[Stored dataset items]

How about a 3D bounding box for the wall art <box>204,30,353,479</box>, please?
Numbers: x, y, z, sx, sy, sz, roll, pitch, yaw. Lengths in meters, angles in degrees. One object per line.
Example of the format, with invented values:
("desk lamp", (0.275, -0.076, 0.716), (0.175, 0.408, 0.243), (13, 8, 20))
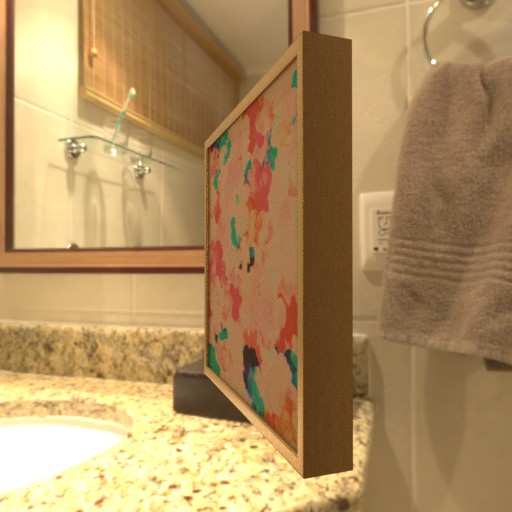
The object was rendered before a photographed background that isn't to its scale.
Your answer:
("wall art", (0.000, 0.000, 0.451), (0.038, 0.305, 0.304), (0, -1, -19))
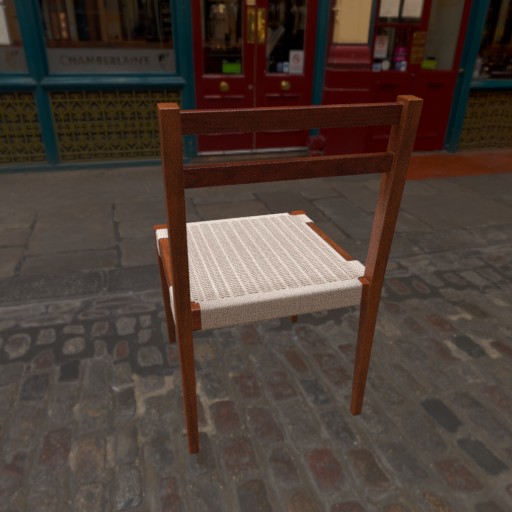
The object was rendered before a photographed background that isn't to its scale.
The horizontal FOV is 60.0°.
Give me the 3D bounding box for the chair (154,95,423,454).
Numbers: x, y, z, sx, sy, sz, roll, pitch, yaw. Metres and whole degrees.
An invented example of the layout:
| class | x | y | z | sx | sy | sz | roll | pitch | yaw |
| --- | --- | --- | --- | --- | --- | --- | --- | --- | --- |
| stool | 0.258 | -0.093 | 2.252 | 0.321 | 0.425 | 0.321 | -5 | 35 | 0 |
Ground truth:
| class | x | y | z | sx | sy | sz | roll | pitch | yaw |
| --- | --- | --- | --- | --- | --- | --- | --- | --- | --- |
| chair | 0.000 | 0.000 | 1.196 | 0.495 | 0.851 | 0.569 | -7 | 26 | -15 |
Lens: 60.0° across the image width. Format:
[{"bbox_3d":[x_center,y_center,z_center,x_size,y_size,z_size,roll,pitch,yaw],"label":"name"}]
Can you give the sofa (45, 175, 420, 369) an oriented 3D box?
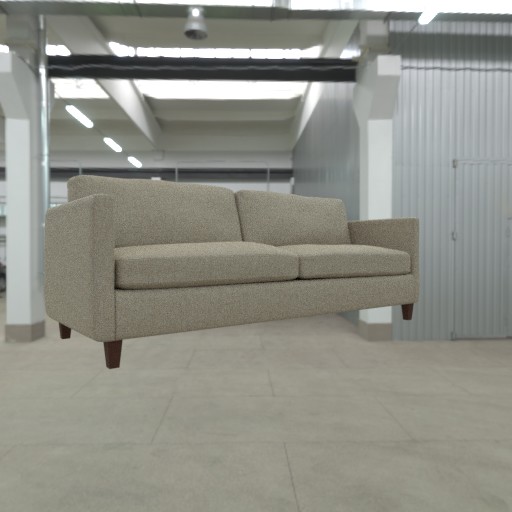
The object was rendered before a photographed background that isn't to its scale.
[{"bbox_3d":[0.000,0.000,2.960,2.434,0.965,0.951,-1,1,-37],"label":"sofa"}]
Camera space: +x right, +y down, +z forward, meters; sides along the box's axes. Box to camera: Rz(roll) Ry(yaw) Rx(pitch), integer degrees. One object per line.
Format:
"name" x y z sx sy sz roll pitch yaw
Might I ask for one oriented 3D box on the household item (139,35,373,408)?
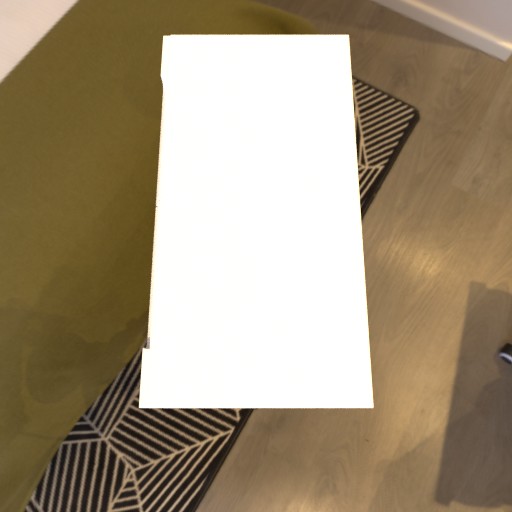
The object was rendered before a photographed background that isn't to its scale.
"household item" 0.000 0.000 1.317 0.420 0.870 0.800 0 75 0
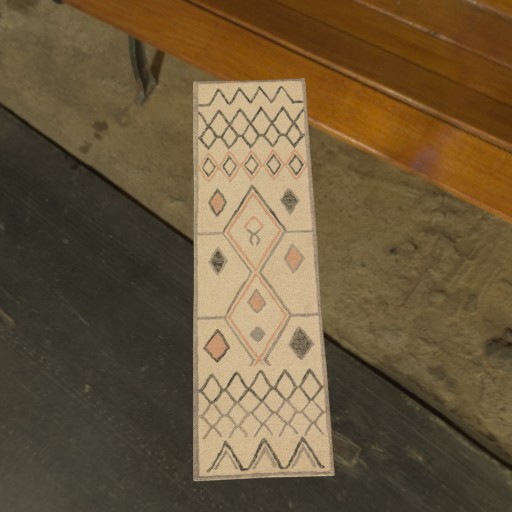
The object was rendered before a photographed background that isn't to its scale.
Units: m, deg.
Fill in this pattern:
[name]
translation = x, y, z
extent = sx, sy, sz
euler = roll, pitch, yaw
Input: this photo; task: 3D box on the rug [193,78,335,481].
[rug]
translation = 0.000, 0.000, 2.656
extent = 0.750, 0.011, 2.435
euler = -2, 75, -1
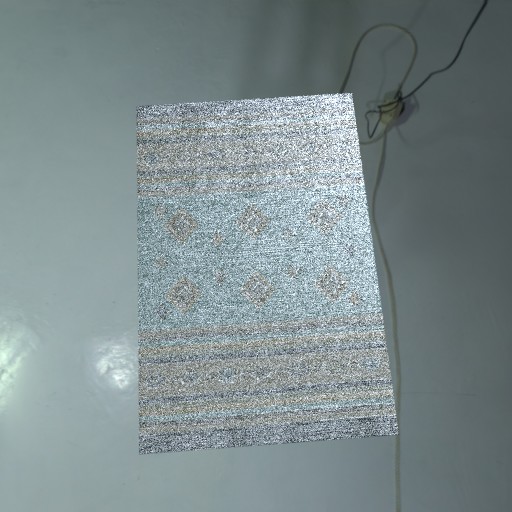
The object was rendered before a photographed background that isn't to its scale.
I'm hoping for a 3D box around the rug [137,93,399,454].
[{"bbox_3d":[0.000,0.000,2.279,1.212,0.010,1.811,-4,76,-1],"label":"rug"}]
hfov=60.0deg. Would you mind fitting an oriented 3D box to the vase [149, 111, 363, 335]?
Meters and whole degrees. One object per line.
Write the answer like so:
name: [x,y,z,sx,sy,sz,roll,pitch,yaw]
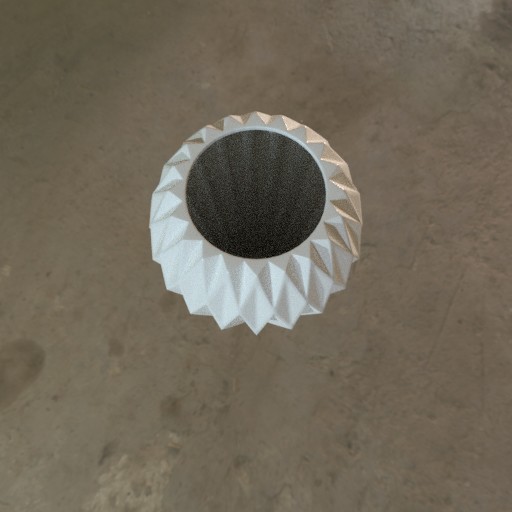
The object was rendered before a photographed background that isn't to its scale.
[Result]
vase: [0.000,0.000,0.347,0.133,0.263,0.133,0,76,0]
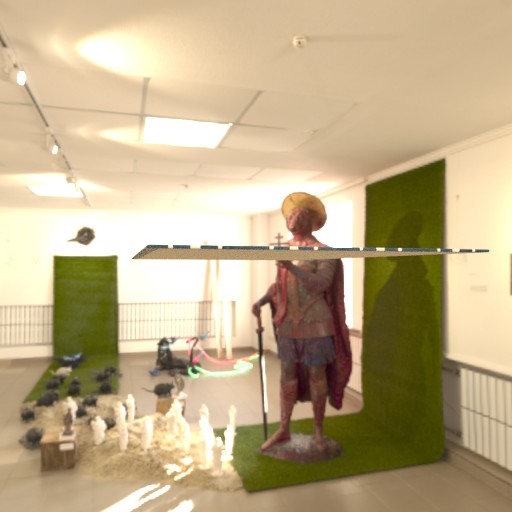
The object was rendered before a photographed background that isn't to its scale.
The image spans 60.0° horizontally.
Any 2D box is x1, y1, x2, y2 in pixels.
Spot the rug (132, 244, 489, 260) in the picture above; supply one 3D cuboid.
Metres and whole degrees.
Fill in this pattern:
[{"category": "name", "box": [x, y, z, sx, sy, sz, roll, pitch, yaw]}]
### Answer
[{"category": "rug", "box": [0.000, 0.000, 2.187, 1.143, 0.010, 1.753, 0, -2, -17]}]
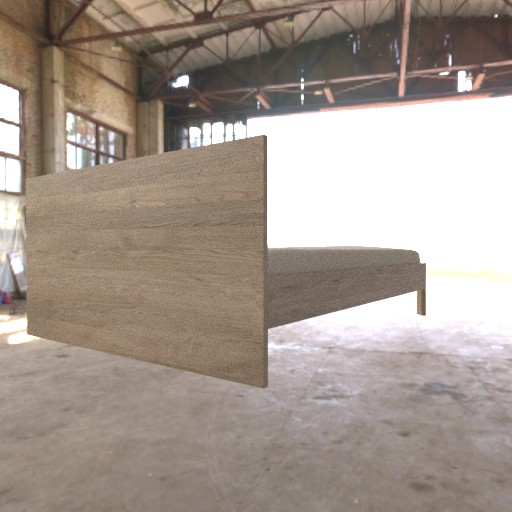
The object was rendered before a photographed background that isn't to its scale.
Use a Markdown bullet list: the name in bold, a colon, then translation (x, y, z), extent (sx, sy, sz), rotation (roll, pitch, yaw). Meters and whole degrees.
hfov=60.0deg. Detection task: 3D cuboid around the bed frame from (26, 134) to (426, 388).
- **bed frame**: translation (0.000, 0.000, 2.619), extent (1.490, 0.800, 1.950), rotation (1, 1, 36)
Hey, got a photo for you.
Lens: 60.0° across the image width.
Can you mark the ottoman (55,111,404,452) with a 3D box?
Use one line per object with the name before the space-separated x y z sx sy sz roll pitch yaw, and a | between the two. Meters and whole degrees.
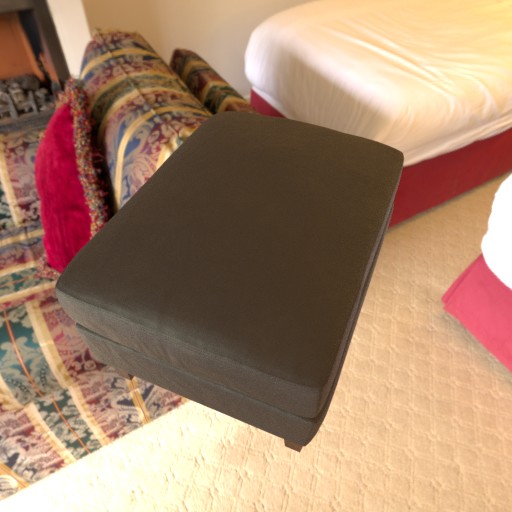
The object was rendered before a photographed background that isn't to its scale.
ottoman | 0.000 0.000 1.293 0.659 0.529 0.887 17 49 15
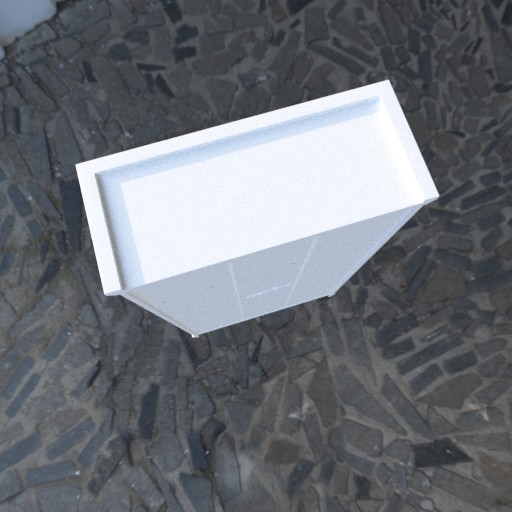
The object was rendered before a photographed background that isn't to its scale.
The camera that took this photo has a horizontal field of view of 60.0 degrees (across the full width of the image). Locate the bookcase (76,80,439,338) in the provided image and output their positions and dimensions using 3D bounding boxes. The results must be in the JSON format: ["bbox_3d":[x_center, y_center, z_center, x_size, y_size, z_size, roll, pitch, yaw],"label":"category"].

◆ AIM OF THE EXERCISE ◆
Return each line from the data where the string "space" can be found.

◆ PROBLEM SOLUTION ◆
Camera space: +x right, +y down, +z forward, meters; sides along the box's axes. Box to camera: Rz(roll) Ry(yaw) Rx(pitch), integer degrees. One object per line.
Use one line per object with the name before the space-separated x y z sx sy sz roll pitch yaw, and a | between the two. Meters and whole degrees.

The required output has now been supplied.